> **Description of the task**: Below are some records; output exactly the lines from the line with "Numbers: x, y, z, sx, sy, sz, roll, pitch, yaw. Metres" to the line with "#10 rack shelf (926,386,998,440)", both ends kept, and nothing more.

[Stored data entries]
== Segment start ==

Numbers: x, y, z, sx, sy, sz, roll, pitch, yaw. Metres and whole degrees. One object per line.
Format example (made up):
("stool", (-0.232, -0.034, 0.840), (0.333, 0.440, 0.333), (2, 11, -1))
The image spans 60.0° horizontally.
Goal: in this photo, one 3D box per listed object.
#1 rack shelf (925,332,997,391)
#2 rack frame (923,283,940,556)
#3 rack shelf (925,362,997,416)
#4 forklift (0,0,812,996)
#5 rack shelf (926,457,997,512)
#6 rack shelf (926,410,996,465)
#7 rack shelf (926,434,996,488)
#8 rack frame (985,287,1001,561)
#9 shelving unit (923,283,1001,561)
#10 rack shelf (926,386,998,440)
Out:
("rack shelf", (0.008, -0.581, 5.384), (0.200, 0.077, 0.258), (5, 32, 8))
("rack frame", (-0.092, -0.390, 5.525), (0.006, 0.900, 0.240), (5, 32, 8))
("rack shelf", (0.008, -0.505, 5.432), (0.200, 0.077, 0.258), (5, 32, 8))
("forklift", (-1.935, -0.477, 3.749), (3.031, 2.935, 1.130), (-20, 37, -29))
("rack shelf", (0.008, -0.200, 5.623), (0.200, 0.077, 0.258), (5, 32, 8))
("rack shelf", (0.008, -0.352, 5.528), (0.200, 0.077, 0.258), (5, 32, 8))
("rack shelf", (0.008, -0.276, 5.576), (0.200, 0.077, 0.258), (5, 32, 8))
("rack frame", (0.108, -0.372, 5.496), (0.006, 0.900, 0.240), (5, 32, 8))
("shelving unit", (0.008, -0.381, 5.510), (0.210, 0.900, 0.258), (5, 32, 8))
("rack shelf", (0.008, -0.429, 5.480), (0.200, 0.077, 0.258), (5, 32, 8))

== Segment end ==
== Segment start ==

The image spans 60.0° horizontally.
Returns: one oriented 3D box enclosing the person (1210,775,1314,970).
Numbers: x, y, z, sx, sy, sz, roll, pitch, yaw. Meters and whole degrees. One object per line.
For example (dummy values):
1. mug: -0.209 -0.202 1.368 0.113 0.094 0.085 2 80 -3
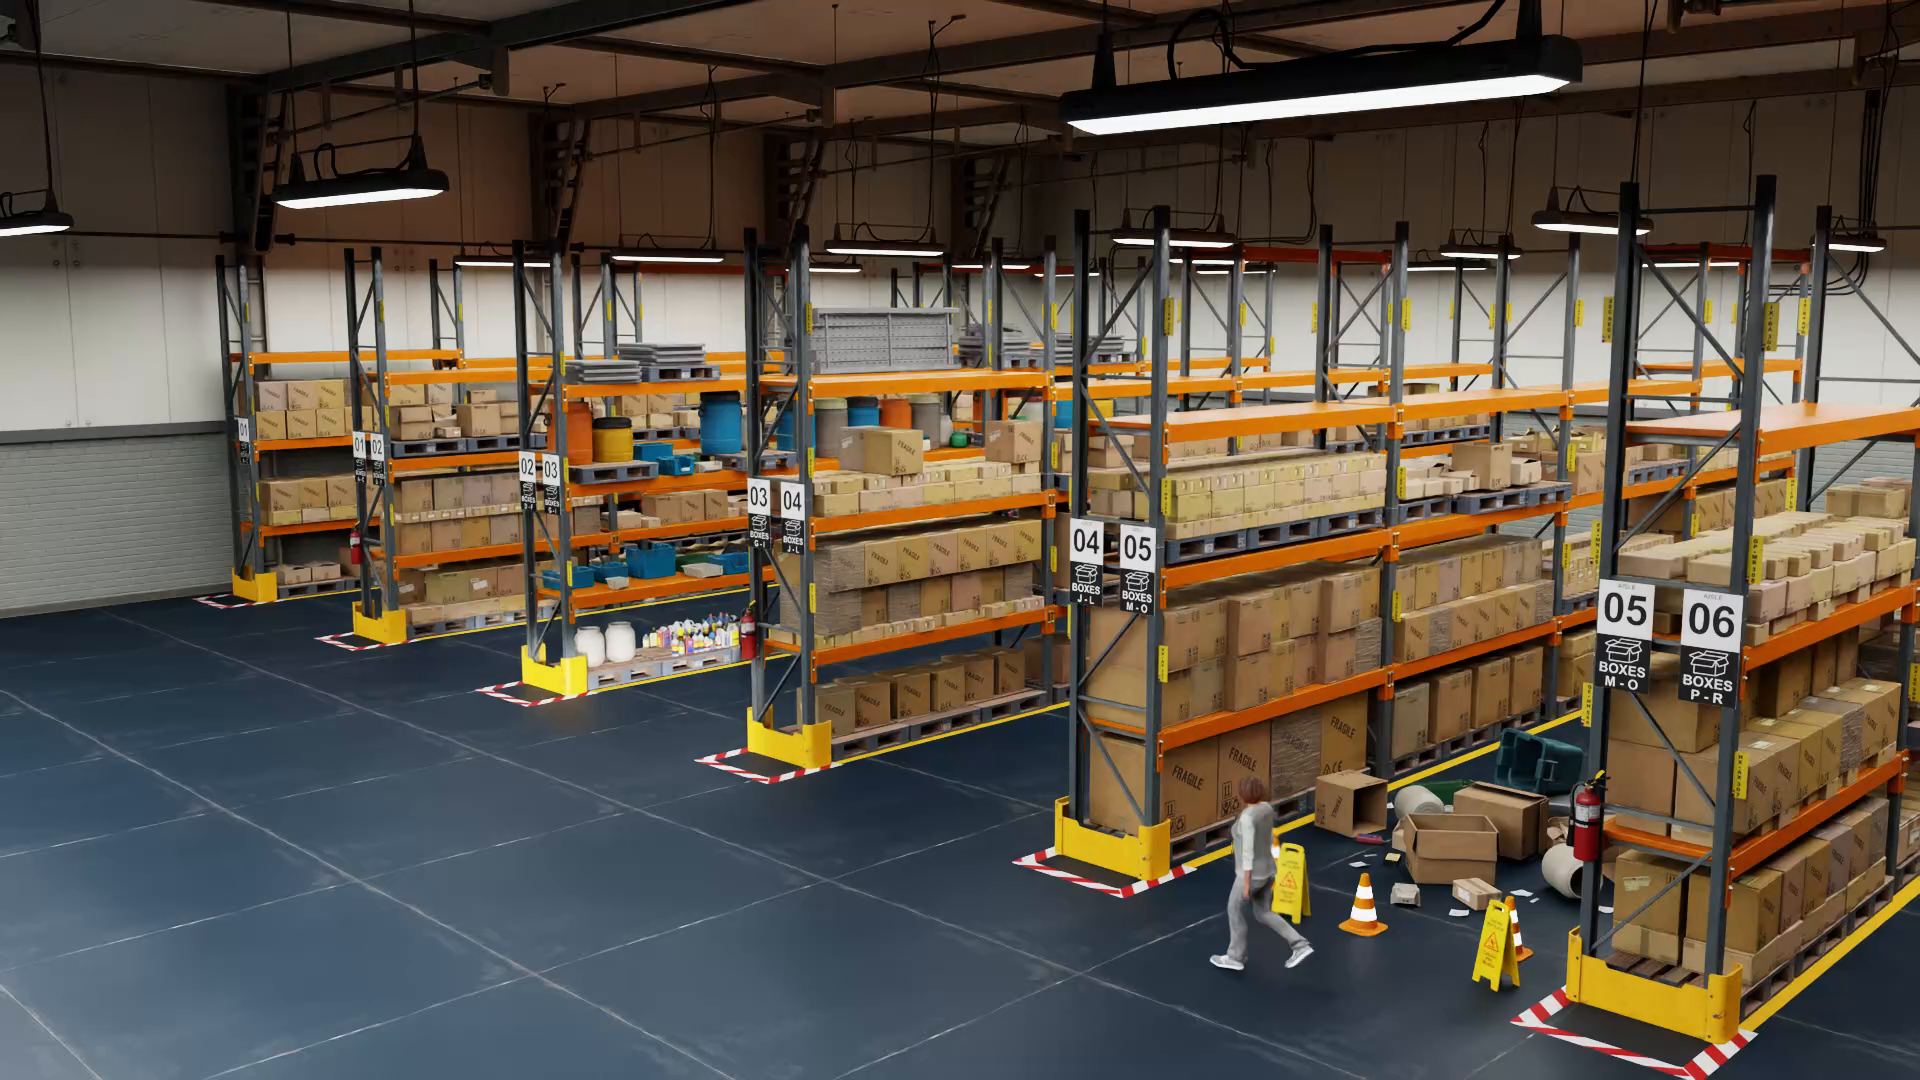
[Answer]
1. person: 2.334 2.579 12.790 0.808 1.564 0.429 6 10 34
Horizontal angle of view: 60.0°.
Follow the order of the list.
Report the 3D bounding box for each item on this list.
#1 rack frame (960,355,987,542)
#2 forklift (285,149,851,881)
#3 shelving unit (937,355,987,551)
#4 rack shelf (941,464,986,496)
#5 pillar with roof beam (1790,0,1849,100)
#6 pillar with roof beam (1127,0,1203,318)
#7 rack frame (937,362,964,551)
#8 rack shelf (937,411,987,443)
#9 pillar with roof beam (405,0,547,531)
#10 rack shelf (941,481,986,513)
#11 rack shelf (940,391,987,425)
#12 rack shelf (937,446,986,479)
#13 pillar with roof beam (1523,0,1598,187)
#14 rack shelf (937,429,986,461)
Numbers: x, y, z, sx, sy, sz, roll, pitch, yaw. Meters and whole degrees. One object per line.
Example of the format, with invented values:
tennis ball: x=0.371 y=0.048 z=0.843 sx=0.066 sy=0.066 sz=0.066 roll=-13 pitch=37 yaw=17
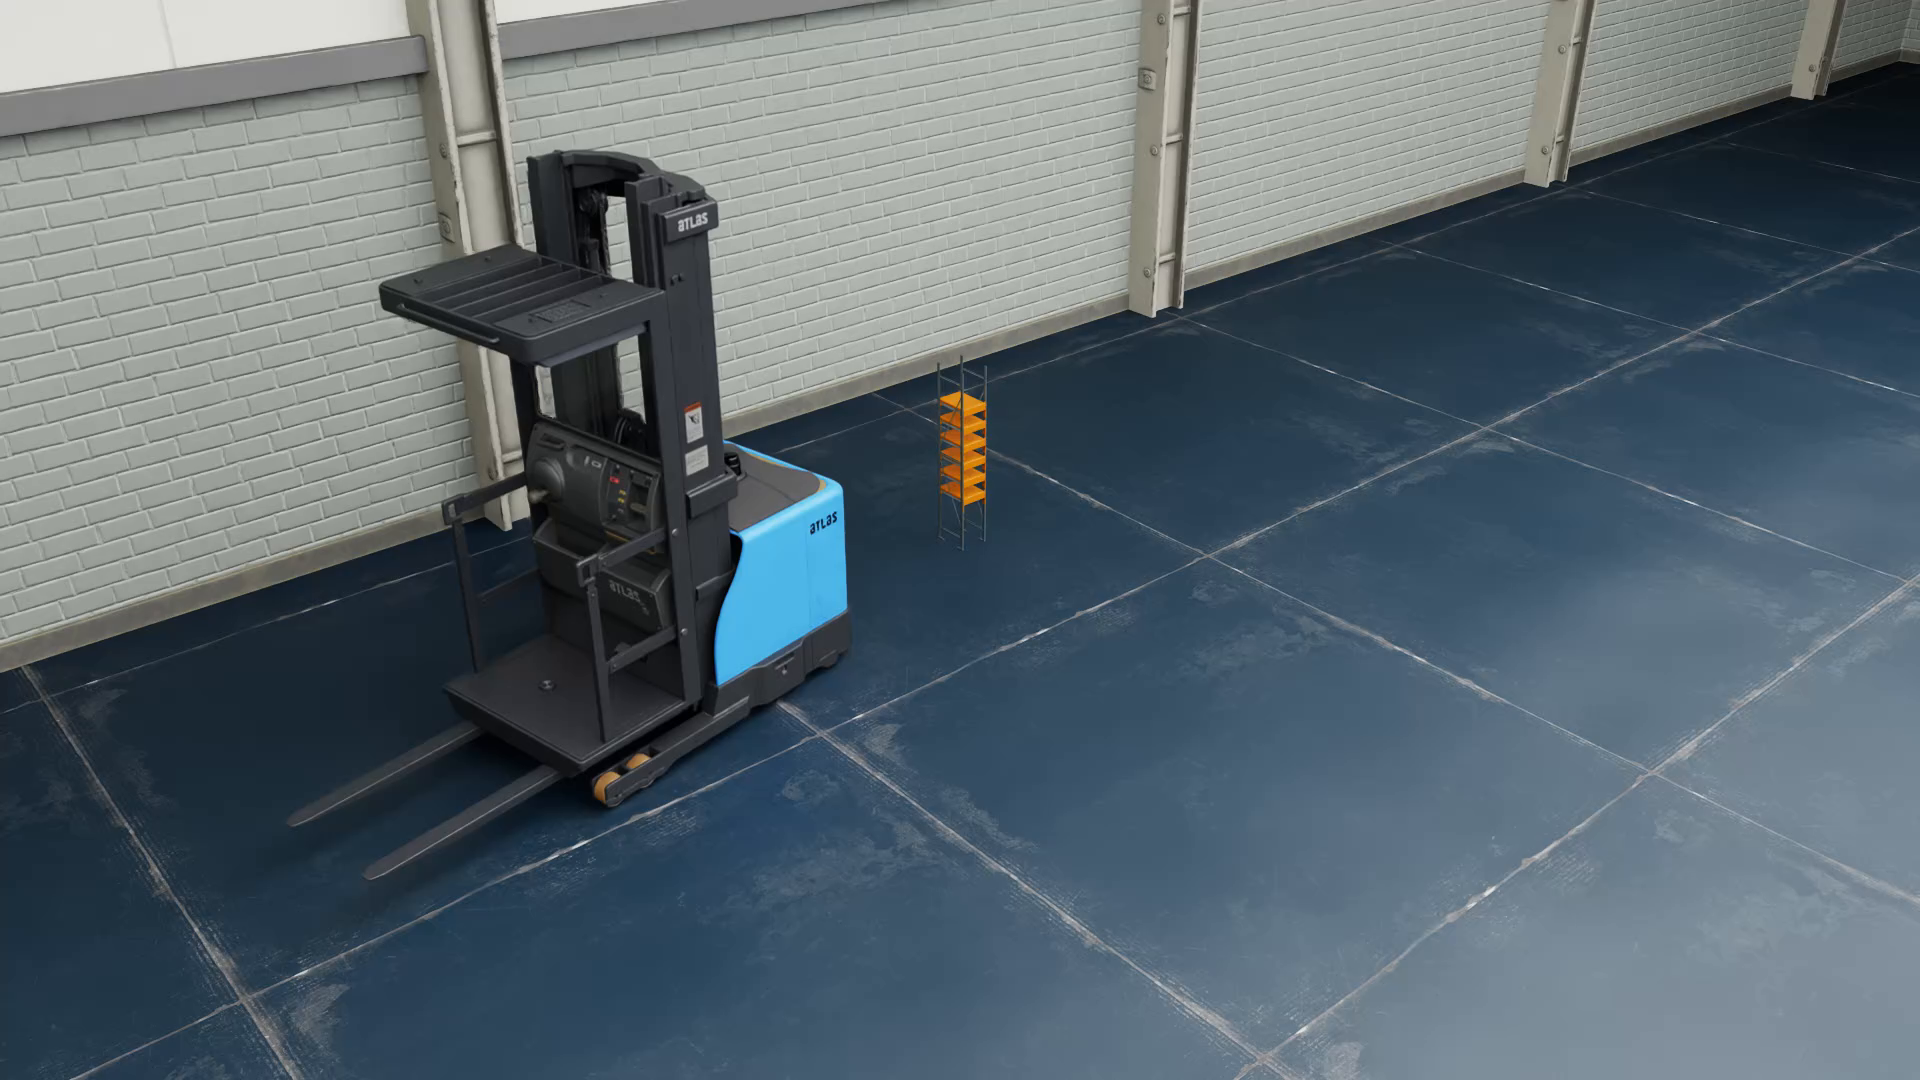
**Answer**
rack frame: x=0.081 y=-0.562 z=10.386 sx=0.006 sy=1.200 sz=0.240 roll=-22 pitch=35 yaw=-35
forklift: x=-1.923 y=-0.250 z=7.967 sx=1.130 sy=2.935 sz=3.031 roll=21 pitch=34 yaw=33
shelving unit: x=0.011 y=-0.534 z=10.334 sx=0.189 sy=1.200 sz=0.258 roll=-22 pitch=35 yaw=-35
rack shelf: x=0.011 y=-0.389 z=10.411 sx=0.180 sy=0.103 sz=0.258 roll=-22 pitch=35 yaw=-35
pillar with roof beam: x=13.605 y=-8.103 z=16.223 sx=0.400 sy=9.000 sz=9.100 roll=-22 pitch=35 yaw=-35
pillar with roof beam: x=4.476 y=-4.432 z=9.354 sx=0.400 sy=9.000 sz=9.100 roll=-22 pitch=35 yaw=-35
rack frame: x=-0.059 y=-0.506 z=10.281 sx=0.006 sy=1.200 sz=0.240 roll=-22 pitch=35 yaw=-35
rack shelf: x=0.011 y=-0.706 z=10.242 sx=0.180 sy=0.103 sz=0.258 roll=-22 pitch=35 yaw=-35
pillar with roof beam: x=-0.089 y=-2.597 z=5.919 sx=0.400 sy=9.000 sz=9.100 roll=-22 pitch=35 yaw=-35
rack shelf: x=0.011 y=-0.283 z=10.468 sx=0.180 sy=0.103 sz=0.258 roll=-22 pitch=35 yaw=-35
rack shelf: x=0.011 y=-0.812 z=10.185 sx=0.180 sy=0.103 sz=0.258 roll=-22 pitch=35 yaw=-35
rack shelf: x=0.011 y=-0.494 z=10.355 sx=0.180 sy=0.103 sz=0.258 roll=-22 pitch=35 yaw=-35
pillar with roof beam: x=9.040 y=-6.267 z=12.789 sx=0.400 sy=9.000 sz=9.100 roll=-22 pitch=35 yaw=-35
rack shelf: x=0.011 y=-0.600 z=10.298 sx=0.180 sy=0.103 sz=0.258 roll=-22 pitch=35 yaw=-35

== Segment end ==

> **Solution for this task**:
Numbers: x, y, z, sx, sy, sz, roll, pitch, yaw. Metres and whole degrees. One object per line.
Format example (made up):
("stool", (-0.232, -0.034, 0.840), (0.333, 0.440, 0.333), (2, 11, -1))
The image spans 60.0° horizontally.
Goal: in this photo, one 3D box per listed object.
#1 rack shelf (925,332,997,391)
#2 rack frame (923,283,940,556)
#3 rack shelf (925,362,997,416)
#4 forklift (0,0,812,996)
#5 rack shelf (926,457,997,512)
#6 rack shelf (926,410,996,465)
#7 rack shelf (926,434,996,488)
#8 rack frame (985,287,1001,561)
#9 shelving unit (923,283,1001,561)
#10 rack shelf (926,386,998,440)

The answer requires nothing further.